On Aug 12, 2013, at 8:16 PM, Kam Kasravi <[EMAIL PROTECTED]> wrote:

> I would like to do this refactoring since I did a high level consumer a while ago.
> A few weeks ago I had opened KAFKA-949 Kafka on Yarn which I was also hoping to add to contribute.
> It's almost done. KAFKA-949 is paired with BIGTOP-989 which adds kafka 0.8 to the bigtop distribution.

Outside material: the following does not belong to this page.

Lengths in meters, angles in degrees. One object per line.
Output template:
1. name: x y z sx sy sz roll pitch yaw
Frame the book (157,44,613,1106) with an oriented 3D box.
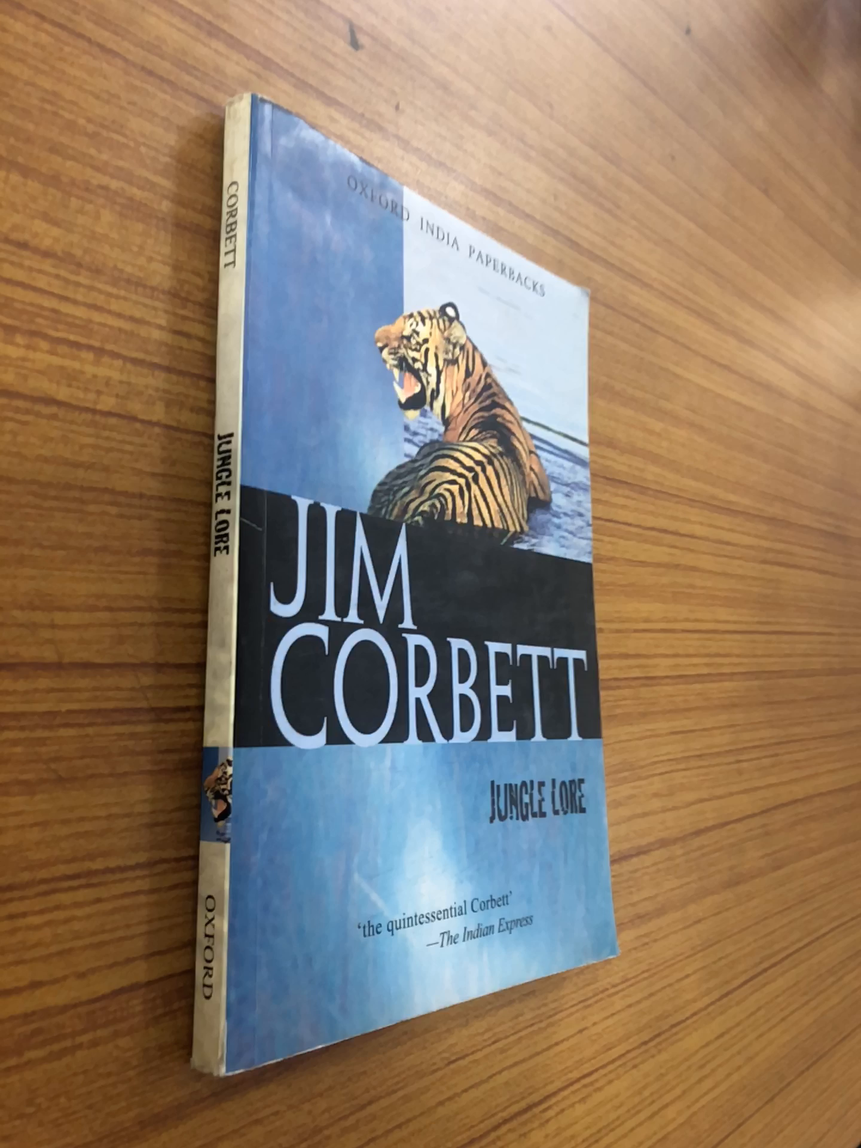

> KAFKA-949 basically allows kafka brokers to be started up using sysvinit services and would ease some of the
> startup/configuration issues that newbies have when getting started with kafka. Ideally I would like to
> fold a number of kafka/bin/* commands into the kafka service. Andrew please let me know if would like to
> pick this up instead. Thanks!
>
> Kam
>
> From: Jay Kreps <[EMAIL PROTECTED]>
> To: Ken Goodhope <[EMAIL PROTECTED]>
> Cc: Andrew Psaltis <[EMAIL PROTECTED]>; [EMAIL PROTECTED]; "[EMAIL PROTECTED]" <[EMAIL PROTECTED]>; "[EMAIL PROTECTED]" <[EMAIL PROTECTED]>; Felix GV <[EMAIL PROTECTED]>; Cosmin Lehene <[EMAIL PROTECTED]>; "[EMAIL PROTECTED]" <[EMAIL PROTECTED]>; "[EMAIL PROTECTED]" <[EMAIL PROTECTED]>
> Sent: Saturday, August 10, 2013 3:30 PM
> Subject: Re: Kafka/Hadoop consumers and producers
>
> So guys, just to throw my 2 cents in:
>
> 1. We aren't deprecating anything. I just noticed that the Hadoop contrib
> package wasn't getting as much attention as it should.
>
> 2. Andrew or anyone--if there is anyone using the contrib package who would
> be willing to volunteer to kind of adopt it that would be great. I am happy
> to help in whatever way I can. The practical issue is that most of the
> committers are either using Camus or not using Hadoop at all so we just
> haven't been doing a good job of documenting, bug fixing, and supporting
> the contrib packages.
>
> 3. Ken, if you could document how to use Camus that would likely make it a
> lot more useful to people. I think most people would want a full-fledged
> ETL solution and would likely prefer Camus, but very few people are using
> Avro.
>
> -Jay
>
>
> On Fri, Aug 9, 2013 at 12:27 PM, Ken Goodhope <[EMAIL PROTECTED]> wrote:
>
> > I just checked and that patch is in .8 branch.  Thanks for working on
> > back porting it Andrew.  We'd be happy to commit that work to master.
> >
> > As for the kafka contrib project vs Camus, they are similar but not quite
> > identical.  Camus is intended to be a high throughput ETL for bulk
> > ingestion of Kafka data into HDFS.  Where as what we have in contrib is
> > more of a simple KafkaInputFormat.  Neither can really replace the other.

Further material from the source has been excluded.